What you have to do:
Your response must consist of the listing below, repeated exactly.

(Beginning of Exercise data)

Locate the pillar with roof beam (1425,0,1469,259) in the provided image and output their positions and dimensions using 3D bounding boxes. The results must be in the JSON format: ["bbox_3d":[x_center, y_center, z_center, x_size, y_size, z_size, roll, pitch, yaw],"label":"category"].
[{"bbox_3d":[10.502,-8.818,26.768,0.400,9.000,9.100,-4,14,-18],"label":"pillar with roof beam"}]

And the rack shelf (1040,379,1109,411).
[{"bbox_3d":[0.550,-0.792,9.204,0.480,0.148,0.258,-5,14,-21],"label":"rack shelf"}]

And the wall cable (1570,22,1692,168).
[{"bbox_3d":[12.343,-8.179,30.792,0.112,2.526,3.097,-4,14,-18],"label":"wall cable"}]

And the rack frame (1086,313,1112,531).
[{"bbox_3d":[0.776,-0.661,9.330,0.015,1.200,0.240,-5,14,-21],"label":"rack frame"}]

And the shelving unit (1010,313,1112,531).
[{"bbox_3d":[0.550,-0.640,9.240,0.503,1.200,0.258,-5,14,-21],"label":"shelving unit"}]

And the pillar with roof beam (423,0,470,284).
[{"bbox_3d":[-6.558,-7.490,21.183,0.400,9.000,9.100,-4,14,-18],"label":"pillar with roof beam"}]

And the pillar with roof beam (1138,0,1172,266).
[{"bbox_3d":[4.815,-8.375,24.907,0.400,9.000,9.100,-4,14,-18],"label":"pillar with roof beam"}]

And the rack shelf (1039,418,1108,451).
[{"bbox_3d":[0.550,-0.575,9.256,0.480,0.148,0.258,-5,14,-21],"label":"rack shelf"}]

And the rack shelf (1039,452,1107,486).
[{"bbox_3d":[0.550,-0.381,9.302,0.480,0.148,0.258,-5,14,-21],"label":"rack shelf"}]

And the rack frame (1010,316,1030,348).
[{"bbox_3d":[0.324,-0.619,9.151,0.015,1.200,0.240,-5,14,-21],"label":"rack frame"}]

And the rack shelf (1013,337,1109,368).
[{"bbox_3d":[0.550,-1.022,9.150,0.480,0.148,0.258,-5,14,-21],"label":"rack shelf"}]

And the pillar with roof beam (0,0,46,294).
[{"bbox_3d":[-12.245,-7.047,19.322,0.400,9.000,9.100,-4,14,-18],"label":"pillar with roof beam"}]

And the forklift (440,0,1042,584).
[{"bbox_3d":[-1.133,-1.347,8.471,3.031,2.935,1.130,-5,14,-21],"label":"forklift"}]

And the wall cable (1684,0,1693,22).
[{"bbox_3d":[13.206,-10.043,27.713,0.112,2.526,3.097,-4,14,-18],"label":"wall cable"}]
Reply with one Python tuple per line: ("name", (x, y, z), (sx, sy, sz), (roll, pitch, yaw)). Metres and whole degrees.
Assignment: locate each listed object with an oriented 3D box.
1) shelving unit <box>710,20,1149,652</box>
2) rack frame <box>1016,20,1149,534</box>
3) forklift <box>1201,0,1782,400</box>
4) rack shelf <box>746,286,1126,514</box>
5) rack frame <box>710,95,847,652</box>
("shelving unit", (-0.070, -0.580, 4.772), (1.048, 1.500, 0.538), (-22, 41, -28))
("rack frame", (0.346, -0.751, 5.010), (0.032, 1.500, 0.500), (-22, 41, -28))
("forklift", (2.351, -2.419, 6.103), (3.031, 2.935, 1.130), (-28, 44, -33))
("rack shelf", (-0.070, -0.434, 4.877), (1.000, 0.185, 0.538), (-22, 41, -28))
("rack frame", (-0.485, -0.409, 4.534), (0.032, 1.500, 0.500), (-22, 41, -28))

(End of Exercise data)

Answer section:
Locate the pillar with roof beam (1425,0,1469,259) in the provided image and output their positions and dimensions using 3D bounding boxes. The results must be in the JSON format: ["bbox_3d":[x_center, y_center, z_center, x_size, y_size, z_size, roll, pitch, yaw],"label":"category"].
[{"bbox_3d":[10.502,-8.818,26.768,0.400,9.000,9.100,-4,14,-18],"label":"pillar with roof beam"}]

And the rack shelf (1040,379,1109,411).
[{"bbox_3d":[0.550,-0.792,9.204,0.480,0.148,0.258,-5,14,-21],"label":"rack shelf"}]

And the wall cable (1570,22,1692,168).
[{"bbox_3d":[12.343,-8.179,30.792,0.112,2.526,3.097,-4,14,-18],"label":"wall cable"}]

And the rack frame (1086,313,1112,531).
[{"bbox_3d":[0.776,-0.661,9.330,0.015,1.200,0.240,-5,14,-21],"label":"rack frame"}]

And the shelving unit (1010,313,1112,531).
[{"bbox_3d":[0.550,-0.640,9.240,0.503,1.200,0.258,-5,14,-21],"label":"shelving unit"}]

And the pillar with roof beam (423,0,470,284).
[{"bbox_3d":[-6.558,-7.490,21.183,0.400,9.000,9.100,-4,14,-18],"label":"pillar with roof beam"}]

And the pillar with roof beam (1138,0,1172,266).
[{"bbox_3d":[4.815,-8.375,24.907,0.400,9.000,9.100,-4,14,-18],"label":"pillar with roof beam"}]

And the rack shelf (1039,418,1108,451).
[{"bbox_3d":[0.550,-0.575,9.256,0.480,0.148,0.258,-5,14,-21],"label":"rack shelf"}]

And the rack shelf (1039,452,1107,486).
[{"bbox_3d":[0.550,-0.381,9.302,0.480,0.148,0.258,-5,14,-21],"label":"rack shelf"}]

And the rack frame (1010,316,1030,348).
[{"bbox_3d":[0.324,-0.619,9.151,0.015,1.200,0.240,-5,14,-21],"label":"rack frame"}]

And the rack shelf (1013,337,1109,368).
[{"bbox_3d":[0.550,-1.022,9.150,0.480,0.148,0.258,-5,14,-21],"label":"rack shelf"}]

And the pillar with roof beam (0,0,46,294).
[{"bbox_3d":[-12.245,-7.047,19.322,0.400,9.000,9.100,-4,14,-18],"label":"pillar with roof beam"}]

And the forklift (440,0,1042,584).
[{"bbox_3d":[-1.133,-1.347,8.471,3.031,2.935,1.130,-5,14,-21],"label":"forklift"}]

And the wall cable (1684,0,1693,22).
[{"bbox_3d":[13.206,-10.043,27.713,0.112,2.526,3.097,-4,14,-18],"label":"wall cable"}]
Reply with one Python tuple per line: ("name", (x, y, z), (sx, sy, sz), (roll, pitch, yaw)). Metres and whole degrees.
Assignment: locate each listed object with an oriented 3D box.
1) shelving unit <box>710,20,1149,652</box>
2) rack frame <box>1016,20,1149,534</box>
3) forklift <box>1201,0,1782,400</box>
4) rack shelf <box>746,286,1126,514</box>
5) rack frame <box>710,95,847,652</box>
("shelving unit", (-0.070, -0.580, 4.772), (1.048, 1.500, 0.538), (-22, 41, -28))
("rack frame", (0.346, -0.751, 5.010), (0.032, 1.500, 0.500), (-22, 41, -28))
("forklift", (2.351, -2.419, 6.103), (3.031, 2.935, 1.130), (-28, 44, -33))
("rack shelf", (-0.070, -0.434, 4.877), (1.000, 0.185, 0.538), (-22, 41, -28))
("rack frame", (-0.485, -0.409, 4.534), (0.032, 1.500, 0.500), (-22, 41, -28))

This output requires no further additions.